Il calcio alla ricerca di equilibrio finanziario nel post-Covid

giovedì 14 aprile 2022


Con l’avanzare della pandemia molti settori economici, tra cui anche quello calcistico, si sono dovuti arrendere alle stringenti norme per arginare il virus. L’effetto Covid sul calcio ha lasciato il segno, se il mercato europeo ha subito una contrazione del 13 per cento nella stagione 2019-20, mentre i ricavi complessivi sono diminuiti di -3,7 miliardi di euro, arrivando a 25,2 miliardi di euro nella stagione 2019/20 (28,9 miliardi di euro nella stagione 2018/19). I cinque grandi campionati europei (Premier, Bundesliga, Serie A, Liga e Ligue 1) hanno registrato l’impatto finanziario più significativo, con ricavi complessivi in calo del -11 per cento (15,1 miliardi di euro contro i 17 della precedente).

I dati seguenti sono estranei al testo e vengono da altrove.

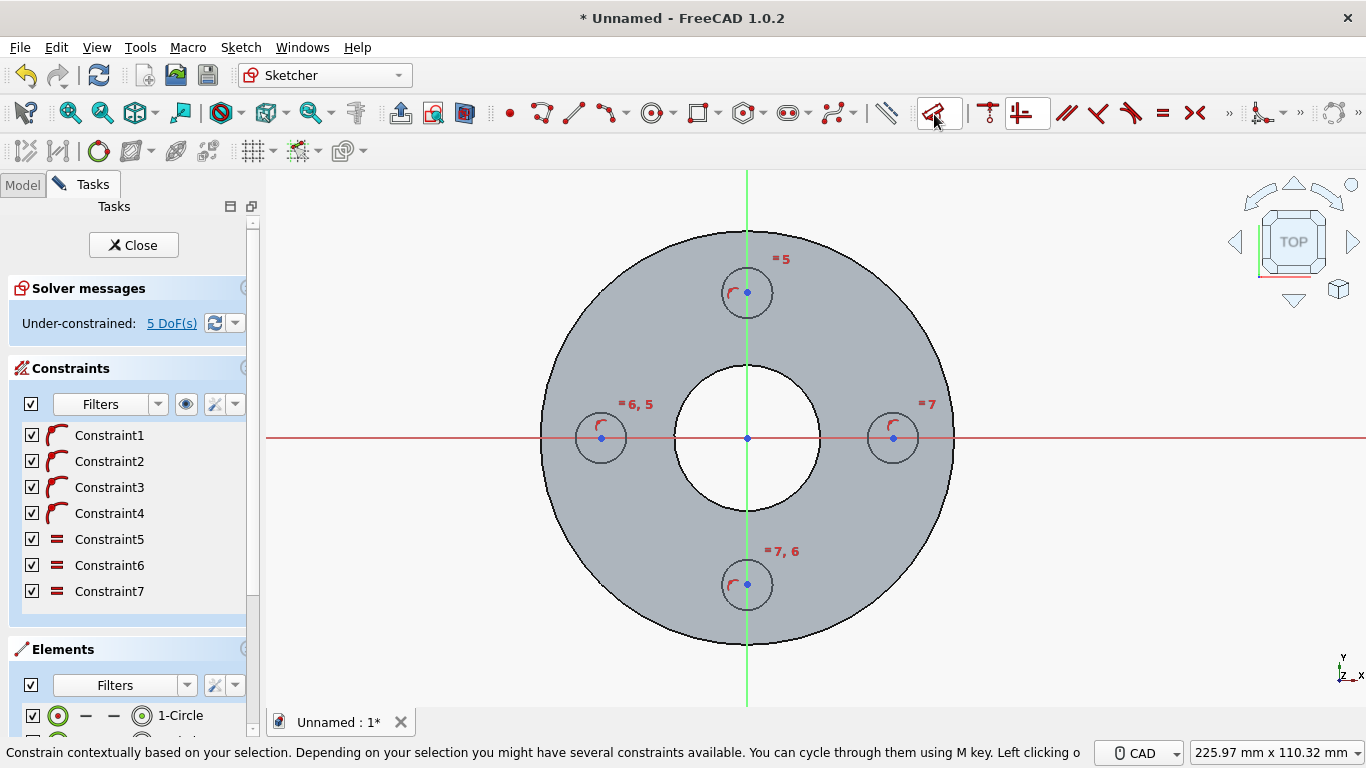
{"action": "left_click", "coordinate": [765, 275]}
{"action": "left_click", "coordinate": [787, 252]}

Con l’avanzare dell’epidemia da Covid-19, soprattutto nel periodo tra gennaio 2020 e maggio 2020, molti settori economici, tra cui anche quello calcistico, hanno dovuto sottostare alle stringenti norme messe finalizzate ad arginare la diffusione del virus. Anche il campionato italiano di serie A ha subito conseguenze, come la sospensione provvisoria delle gare in calendario, sull’esempio delle coppe europee e degli altri campionati nazionali. Le società calcistiche, come le altre società, redigono regolare bilancio. Questo, si compone di tre documenti fondamentali: stato patrimoniale, conto economico e nota integrativa. Lo stato patrimoniale mette a confronto attività e passività, e fotografa il patrimonio del club; il conto economico raffronta ricavi e costi di competenza, e identifica il risultato d’esercizio; la nota integrativa contiene informazioni complementari allo scopo di chiarire i differenti valori scritti nelle diverse voci di bilancio.

Nel settore calcistico è stato molto difficile sviluppare una cultura gestionale simile a quella d’impresa. Per prassi non si è badato a spese nel fare investimenti per migliorare la rosa pur e vincere il maggior numero di competizioni, tralasciando l’attenzione ai costi e al risultato economico. La miopia di considerare quale unico obiettivo il successo sportivo ha portato un gran numero di club verso una fortissima instabilità economico finanziaria che solo i continui versamenti annuali, quasi a fondo perduto, dei proprietari sono riusciti a coprire. Quando questi fondi sono venuti meno, più di qualche compagine si è vista prossima al fallimento. L’emblematico caso del fallimento della Fiorentina è solo un esempio di come un club, anche con un passato vincente, possa mostrarsi incapace di gestire posizioni debitorie pesanti senza una struttura di business autosufficiente, non totalmente dipendente dai risultati sportivi. Negli ultimi tempi, grazie anche alle normative più stringenti in tema di bilancio, i club prestano maggiore attenzione ai conti, riducendo almeno in parte gli enormi passivi che ogni anno si verificavano. È evidente l’impossibilità di ritenere sufficienti le iniezioni di capitale dei presidenti. Si è resa necessaria l’importanza di sostenere il club con una struttura economica forte, che generi ricavi da più fonti e contenga i costi non necessari; è questo il modello di business corretto per continuare a competere.

Pur nel pieno della crisi da Covid i club professionistici italiani, dalla Serie A alla Serie C, hanno speso cifre impegnative. I denari per gli intermediari li si trova sempre. Un aspetto non inficiato dalla crisi è la corsa al rialzo degli stipendi: è un’arma messa a disposizione dei club più ricchi, e il principale motivo dell’espulsione del debito del calcio. Per trovare soluzione a questo problema è stata proposta l’adozione del Salary cap, il tetto salariale. Che però risulta molto difficile da esportare, poiché nello sport professionistico nordamericano esso si trova calato in un sistema di pesi e contrappesi che non viene ricostituito altrove. Inoltre, l’esperienza insegna che si fa presto a aggirare un tetto salariale facendo ricorso a cessione dei diritti d’immagine o altri artifici.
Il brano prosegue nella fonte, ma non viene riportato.